Routing is by model-id prefix, so a model released tomorrow works without updating the package. The static table in config.py is an offline fallback only.

Prompts that always improve

Every finished call is scored against ground truth — did the booking the agent confirmed actually verify? Did the intake form actually send? Were the end-of-call claims backed by tool results? Reports flow in automatically; one call to the optimizer turns them into a better standing directive — a persistent coaching preamble injected into every future call. Your base prompt is never touched.

# reports happen automatically on session end (agent_label groups them)
brain = supafone_labs.SupafoneLabs(provider="vapi", agent_label="intake")
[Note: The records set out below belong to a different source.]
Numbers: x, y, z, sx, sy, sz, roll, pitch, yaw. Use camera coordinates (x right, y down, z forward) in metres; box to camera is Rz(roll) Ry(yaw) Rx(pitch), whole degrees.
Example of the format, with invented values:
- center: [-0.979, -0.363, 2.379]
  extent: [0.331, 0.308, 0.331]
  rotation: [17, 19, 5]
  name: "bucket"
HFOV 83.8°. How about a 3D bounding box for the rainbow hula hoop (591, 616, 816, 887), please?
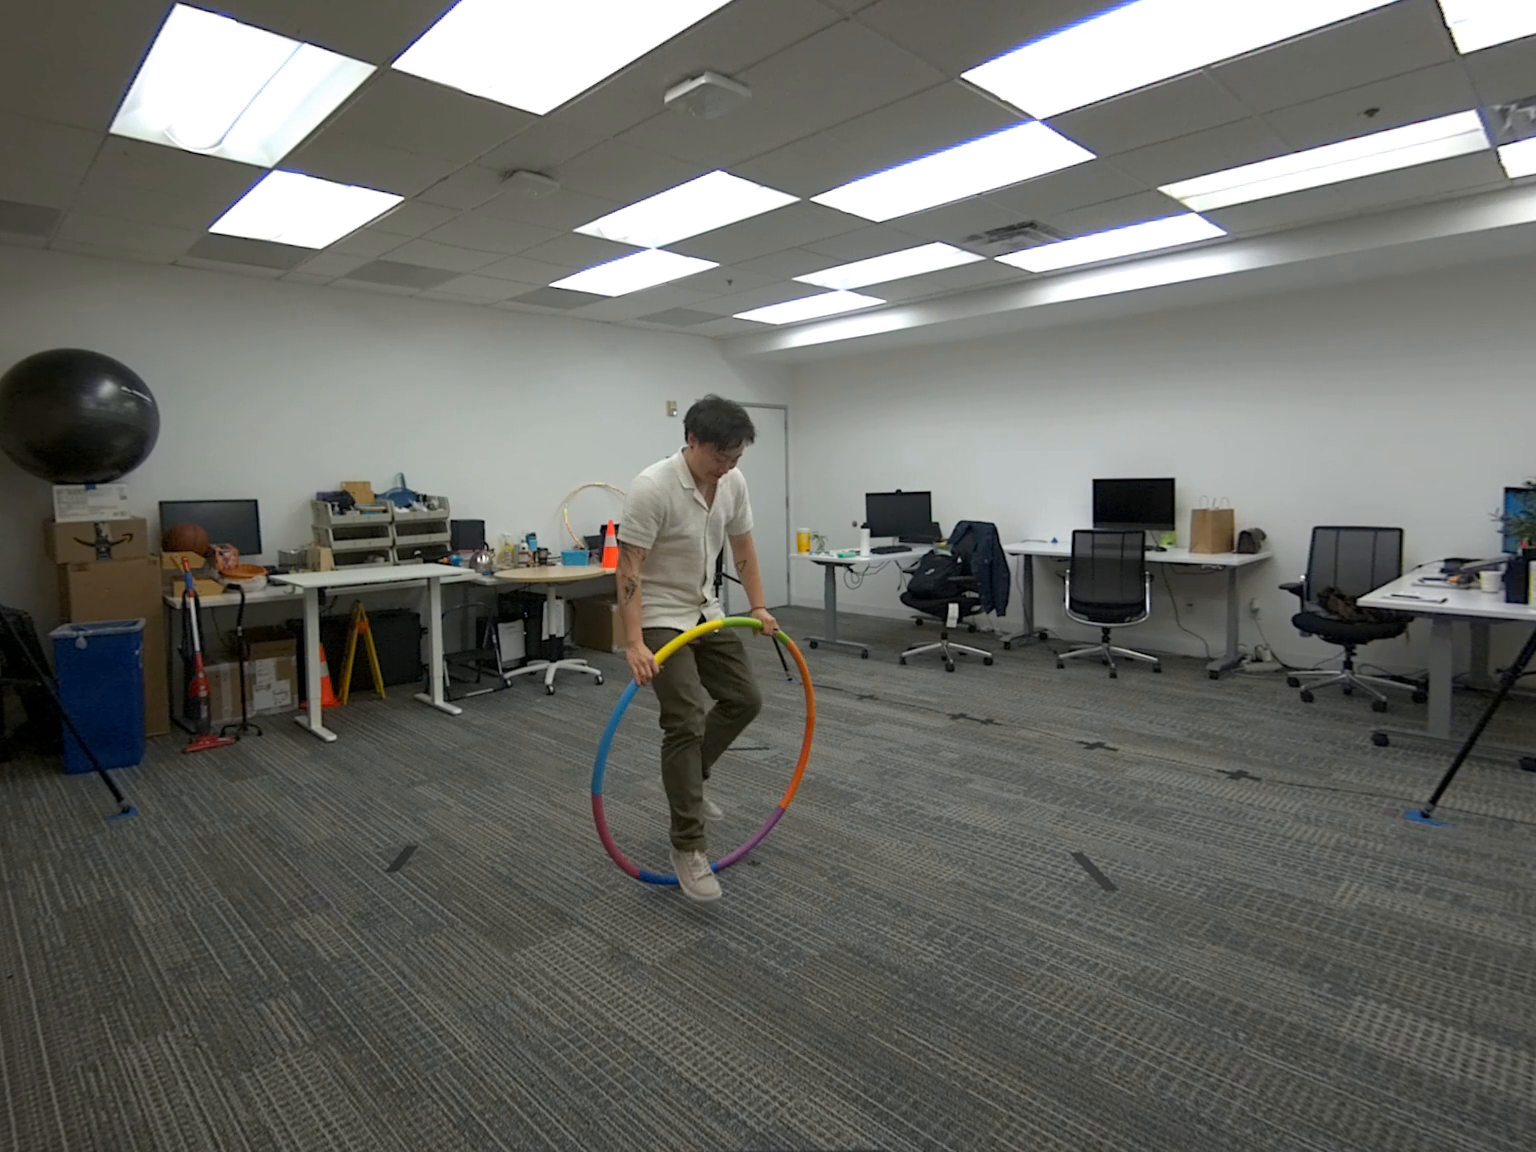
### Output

# run one optimization step whenever you like (billed as one oracle call):
curl -X POST $API/v1/optimizer/improve -H "Authorization: Bearer $KEY" \
  -d '{"agent": "intake"}'
# -> {"version": 4, "text": "Verify every booking before confirming. ...",
#     "rationale": "Recent calls confirmed unverified bookings."}

# the package picks the new version up automatically on the next call
GET /v1/optimizer/standing?agent=intake   # current version
GET /v1/optimizer/reports?agent=intake    # the scored call history

Why this design: your system prompt lives wherever it lives — a Vapi dashboard field, a code template, a DB row. Supafone Labs never needs to own it, because the whisper channel is a prompt surface it already controls on every platform. The optimizer improves that layer; your prompt stays yours.

Custom prompts

brain = supafone_labs.SupafoneLabs(
    provider="ultravox",
    oracle_instructions="Coach for a bilingual personal-injury intake desk. "
                        "Prioritize empathy before logistics; never quote fees.",
    # or replace the cores wholesale:
    directive_prompt="You are the coaching core... Return ONLY JSON with keys ...",
    belief_prompt="You are the perception core... Return ONLY JSON with keys ...",
)

oracle_instructions appends operator guidance to both cores; the full prompt overrides are for when you want a different oracle personality entirely. Custom prompts, custom model, custom guardrails — same degrade-safe loop.